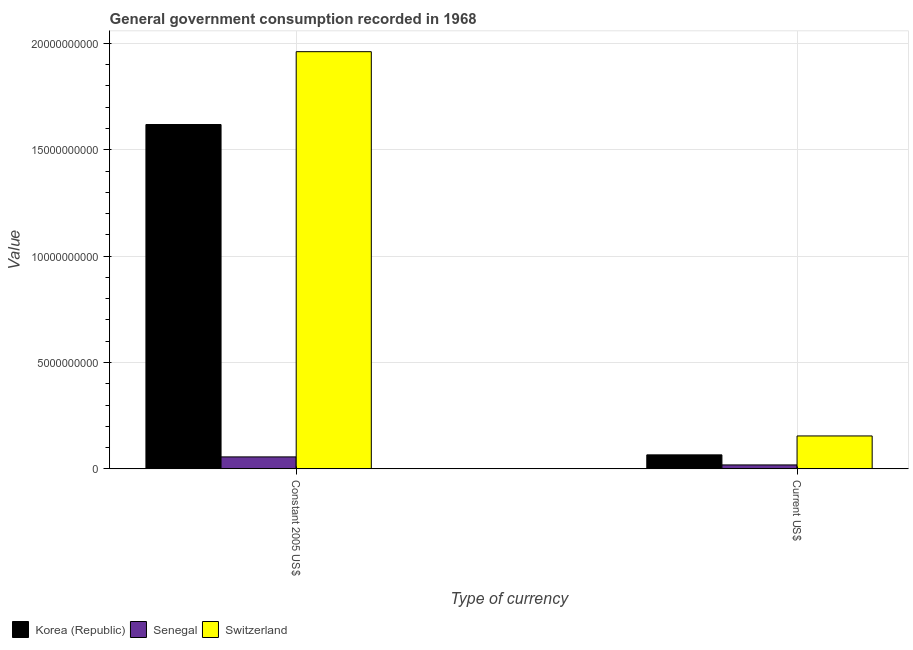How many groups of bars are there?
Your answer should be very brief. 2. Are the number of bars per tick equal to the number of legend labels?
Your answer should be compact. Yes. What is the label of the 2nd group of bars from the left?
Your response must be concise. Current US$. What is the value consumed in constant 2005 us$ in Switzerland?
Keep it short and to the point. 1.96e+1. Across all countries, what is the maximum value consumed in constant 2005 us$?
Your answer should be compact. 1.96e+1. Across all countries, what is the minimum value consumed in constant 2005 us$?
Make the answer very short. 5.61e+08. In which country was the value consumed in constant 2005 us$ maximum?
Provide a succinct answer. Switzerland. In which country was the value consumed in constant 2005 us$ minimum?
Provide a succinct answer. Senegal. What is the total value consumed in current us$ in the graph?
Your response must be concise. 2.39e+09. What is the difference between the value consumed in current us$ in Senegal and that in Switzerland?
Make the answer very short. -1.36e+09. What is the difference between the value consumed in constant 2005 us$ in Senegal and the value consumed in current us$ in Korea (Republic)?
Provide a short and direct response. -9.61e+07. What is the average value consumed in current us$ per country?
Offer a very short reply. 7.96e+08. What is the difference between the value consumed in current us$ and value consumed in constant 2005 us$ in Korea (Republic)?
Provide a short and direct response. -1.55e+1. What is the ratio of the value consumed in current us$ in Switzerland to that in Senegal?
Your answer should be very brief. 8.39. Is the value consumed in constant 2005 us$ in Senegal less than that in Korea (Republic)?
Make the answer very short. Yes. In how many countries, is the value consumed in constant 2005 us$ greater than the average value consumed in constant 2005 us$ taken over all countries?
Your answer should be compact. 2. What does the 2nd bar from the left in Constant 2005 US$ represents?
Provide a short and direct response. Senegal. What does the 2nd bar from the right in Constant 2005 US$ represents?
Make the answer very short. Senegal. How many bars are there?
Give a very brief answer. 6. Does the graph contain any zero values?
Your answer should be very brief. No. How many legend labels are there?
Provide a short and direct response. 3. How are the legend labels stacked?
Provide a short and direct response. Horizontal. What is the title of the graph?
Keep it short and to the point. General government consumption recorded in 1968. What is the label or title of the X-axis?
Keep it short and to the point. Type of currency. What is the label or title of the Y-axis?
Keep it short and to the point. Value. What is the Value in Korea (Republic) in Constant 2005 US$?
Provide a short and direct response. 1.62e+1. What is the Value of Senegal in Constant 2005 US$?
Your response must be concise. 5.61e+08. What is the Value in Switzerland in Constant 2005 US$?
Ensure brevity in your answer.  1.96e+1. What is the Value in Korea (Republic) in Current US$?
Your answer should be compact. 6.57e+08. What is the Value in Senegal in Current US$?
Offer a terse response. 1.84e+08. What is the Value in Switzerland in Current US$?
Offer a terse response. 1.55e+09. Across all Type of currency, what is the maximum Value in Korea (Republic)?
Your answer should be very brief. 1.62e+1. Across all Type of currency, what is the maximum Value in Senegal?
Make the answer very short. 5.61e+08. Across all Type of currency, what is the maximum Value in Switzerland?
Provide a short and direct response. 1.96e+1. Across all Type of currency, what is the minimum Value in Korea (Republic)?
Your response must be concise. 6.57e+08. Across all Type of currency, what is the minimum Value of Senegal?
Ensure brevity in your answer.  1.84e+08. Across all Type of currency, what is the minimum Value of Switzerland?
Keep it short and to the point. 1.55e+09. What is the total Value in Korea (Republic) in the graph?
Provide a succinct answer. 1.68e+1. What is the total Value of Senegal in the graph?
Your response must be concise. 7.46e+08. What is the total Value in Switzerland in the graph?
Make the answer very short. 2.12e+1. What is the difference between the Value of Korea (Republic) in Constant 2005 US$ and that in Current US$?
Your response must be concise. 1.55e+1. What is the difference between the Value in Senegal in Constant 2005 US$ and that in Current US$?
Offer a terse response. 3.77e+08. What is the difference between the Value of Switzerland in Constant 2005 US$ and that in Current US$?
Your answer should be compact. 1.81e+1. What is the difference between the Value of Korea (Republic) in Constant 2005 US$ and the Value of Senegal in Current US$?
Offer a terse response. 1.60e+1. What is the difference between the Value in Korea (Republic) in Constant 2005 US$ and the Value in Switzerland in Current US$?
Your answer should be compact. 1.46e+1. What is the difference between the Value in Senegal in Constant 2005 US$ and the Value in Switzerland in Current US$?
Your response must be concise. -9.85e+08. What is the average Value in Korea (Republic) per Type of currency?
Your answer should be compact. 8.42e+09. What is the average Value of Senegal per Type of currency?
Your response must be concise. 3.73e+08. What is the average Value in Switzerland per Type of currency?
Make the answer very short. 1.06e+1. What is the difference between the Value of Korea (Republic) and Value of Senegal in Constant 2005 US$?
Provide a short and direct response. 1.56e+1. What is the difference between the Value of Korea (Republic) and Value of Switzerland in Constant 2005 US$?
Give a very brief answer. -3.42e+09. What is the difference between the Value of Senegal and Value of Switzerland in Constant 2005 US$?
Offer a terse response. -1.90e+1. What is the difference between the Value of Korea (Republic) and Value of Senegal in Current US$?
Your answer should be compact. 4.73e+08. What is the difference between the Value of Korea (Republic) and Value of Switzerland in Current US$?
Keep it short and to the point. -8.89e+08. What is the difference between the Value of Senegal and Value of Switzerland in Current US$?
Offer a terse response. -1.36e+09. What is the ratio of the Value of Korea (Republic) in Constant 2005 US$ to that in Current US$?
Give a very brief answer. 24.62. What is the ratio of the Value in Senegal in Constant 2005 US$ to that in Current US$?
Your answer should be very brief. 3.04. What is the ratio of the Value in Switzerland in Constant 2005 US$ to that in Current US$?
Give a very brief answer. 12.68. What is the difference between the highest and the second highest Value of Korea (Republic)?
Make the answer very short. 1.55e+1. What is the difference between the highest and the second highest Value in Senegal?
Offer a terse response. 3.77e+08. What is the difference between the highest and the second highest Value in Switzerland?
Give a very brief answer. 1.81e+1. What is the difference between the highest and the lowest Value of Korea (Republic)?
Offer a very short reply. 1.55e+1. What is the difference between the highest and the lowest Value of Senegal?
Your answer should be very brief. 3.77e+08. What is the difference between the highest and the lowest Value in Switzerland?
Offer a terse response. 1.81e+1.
□ □ □ □ □
▶ _Task statement_: Print out the complete listing above exactly, dropping each image.

▶ _Expected output_:
How many groups of bars are there?
Your answer should be very brief. 2. Are the number of bars per tick equal to the number of legend labels?
Your answer should be compact. Yes. What is the label of the 2nd group of bars from the left?
Your response must be concise. Current US$. What is the value consumed in constant 2005 us$ in Switzerland?
Keep it short and to the point. 1.96e+1. Across all countries, what is the maximum value consumed in constant 2005 us$?
Your answer should be compact. 1.96e+1. Across all countries, what is the minimum value consumed in constant 2005 us$?
Make the answer very short. 5.61e+08. In which country was the value consumed in constant 2005 us$ maximum?
Provide a succinct answer. Switzerland. In which country was the value consumed in constant 2005 us$ minimum?
Provide a succinct answer. Senegal. What is the total value consumed in current us$ in the graph?
Your response must be concise. 2.39e+09. What is the difference between the value consumed in current us$ in Senegal and that in Switzerland?
Make the answer very short. -1.36e+09. What is the difference between the value consumed in constant 2005 us$ in Senegal and the value consumed in current us$ in Korea (Republic)?
Provide a short and direct response. -9.61e+07. What is the average value consumed in current us$ per country?
Offer a very short reply. 7.96e+08. What is the difference between the value consumed in current us$ and value consumed in constant 2005 us$ in Korea (Republic)?
Provide a short and direct response. -1.55e+1. What is the ratio of the value consumed in current us$ in Switzerland to that in Senegal?
Your answer should be very brief. 8.39. Is the value consumed in constant 2005 us$ in Senegal less than that in Korea (Republic)?
Make the answer very short. Yes. In how many countries, is the value consumed in constant 2005 us$ greater than the average value consumed in constant 2005 us$ taken over all countries?
Your answer should be compact. 2. What does the 2nd bar from the left in Constant 2005 US$ represents?
Provide a short and direct response. Senegal. What does the 2nd bar from the right in Constant 2005 US$ represents?
Make the answer very short. Senegal. How many bars are there?
Give a very brief answer. 6. Does the graph contain any zero values?
Your answer should be very brief. No. How many legend labels are there?
Provide a short and direct response. 3. How are the legend labels stacked?
Provide a short and direct response. Horizontal. What is the title of the graph?
Keep it short and to the point. General government consumption recorded in 1968. What is the label or title of the X-axis?
Keep it short and to the point. Type of currency. What is the label or title of the Y-axis?
Keep it short and to the point. Value. What is the Value in Korea (Republic) in Constant 2005 US$?
Provide a short and direct response. 1.62e+1. What is the Value of Senegal in Constant 2005 US$?
Your response must be concise. 5.61e+08. What is the Value in Switzerland in Constant 2005 US$?
Ensure brevity in your answer.  1.96e+1. What is the Value in Korea (Republic) in Current US$?
Your answer should be compact. 6.57e+08. What is the Value in Senegal in Current US$?
Offer a terse response. 1.84e+08. What is the Value in Switzerland in Current US$?
Offer a terse response. 1.55e+09. Across all Type of currency, what is the maximum Value in Korea (Republic)?
Your answer should be very brief. 1.62e+1. Across all Type of currency, what is the maximum Value in Senegal?
Make the answer very short. 5.61e+08. Across all Type of currency, what is the maximum Value in Switzerland?
Provide a short and direct response. 1.96e+1. Across all Type of currency, what is the minimum Value in Korea (Republic)?
Your response must be concise. 6.57e+08. Across all Type of currency, what is the minimum Value of Senegal?
Ensure brevity in your answer.  1.84e+08. Across all Type of currency, what is the minimum Value of Switzerland?
Keep it short and to the point. 1.55e+09. What is the total Value in Korea (Republic) in the graph?
Provide a succinct answer. 1.68e+1. What is the total Value of Senegal in the graph?
Your response must be concise. 7.46e+08. What is the total Value in Switzerland in the graph?
Make the answer very short. 2.12e+1. What is the difference between the Value of Korea (Republic) in Constant 2005 US$ and that in Current US$?
Your response must be concise. 1.55e+1. What is the difference between the Value in Senegal in Constant 2005 US$ and that in Current US$?
Offer a terse response. 3.77e+08. What is the difference between the Value of Switzerland in Constant 2005 US$ and that in Current US$?
Your answer should be compact. 1.81e+1. What is the difference between the Value of Korea (Republic) in Constant 2005 US$ and the Value of Senegal in Current US$?
Offer a terse response. 1.60e+1. What is the difference between the Value in Korea (Republic) in Constant 2005 US$ and the Value in Switzerland in Current US$?
Your answer should be compact. 1.46e+1. What is the difference between the Value in Senegal in Constant 2005 US$ and the Value in Switzerland in Current US$?
Your response must be concise. -9.85e+08. What is the average Value in Korea (Republic) per Type of currency?
Your answer should be compact. 8.42e+09. What is the average Value of Senegal per Type of currency?
Your response must be concise. 3.73e+08. What is the average Value in Switzerland per Type of currency?
Make the answer very short. 1.06e+1. What is the difference between the Value of Korea (Republic) and Value of Senegal in Constant 2005 US$?
Provide a short and direct response. 1.56e+1. What is the difference between the Value of Korea (Republic) and Value of Switzerland in Constant 2005 US$?
Give a very brief answer. -3.42e+09. What is the difference between the Value of Senegal and Value of Switzerland in Constant 2005 US$?
Offer a terse response. -1.90e+1. What is the difference between the Value of Korea (Republic) and Value of Senegal in Current US$?
Your answer should be compact. 4.73e+08. What is the difference between the Value of Korea (Republic) and Value of Switzerland in Current US$?
Keep it short and to the point. -8.89e+08. What is the difference between the Value of Senegal and Value of Switzerland in Current US$?
Offer a terse response. -1.36e+09. What is the ratio of the Value of Korea (Republic) in Constant 2005 US$ to that in Current US$?
Give a very brief answer. 24.62. What is the ratio of the Value in Senegal in Constant 2005 US$ to that in Current US$?
Your answer should be very brief. 3.04. What is the ratio of the Value in Switzerland in Constant 2005 US$ to that in Current US$?
Give a very brief answer. 12.68. What is the difference between the highest and the second highest Value of Korea (Republic)?
Make the answer very short. 1.55e+1. What is the difference between the highest and the second highest Value in Senegal?
Offer a terse response. 3.77e+08. What is the difference between the highest and the second highest Value in Switzerland?
Give a very brief answer. 1.81e+1. What is the difference between the highest and the lowest Value of Korea (Republic)?
Offer a very short reply. 1.55e+1. What is the difference between the highest and the lowest Value of Senegal?
Your answer should be very brief. 3.77e+08. What is the difference between the highest and the lowest Value in Switzerland?
Offer a terse response. 1.81e+1.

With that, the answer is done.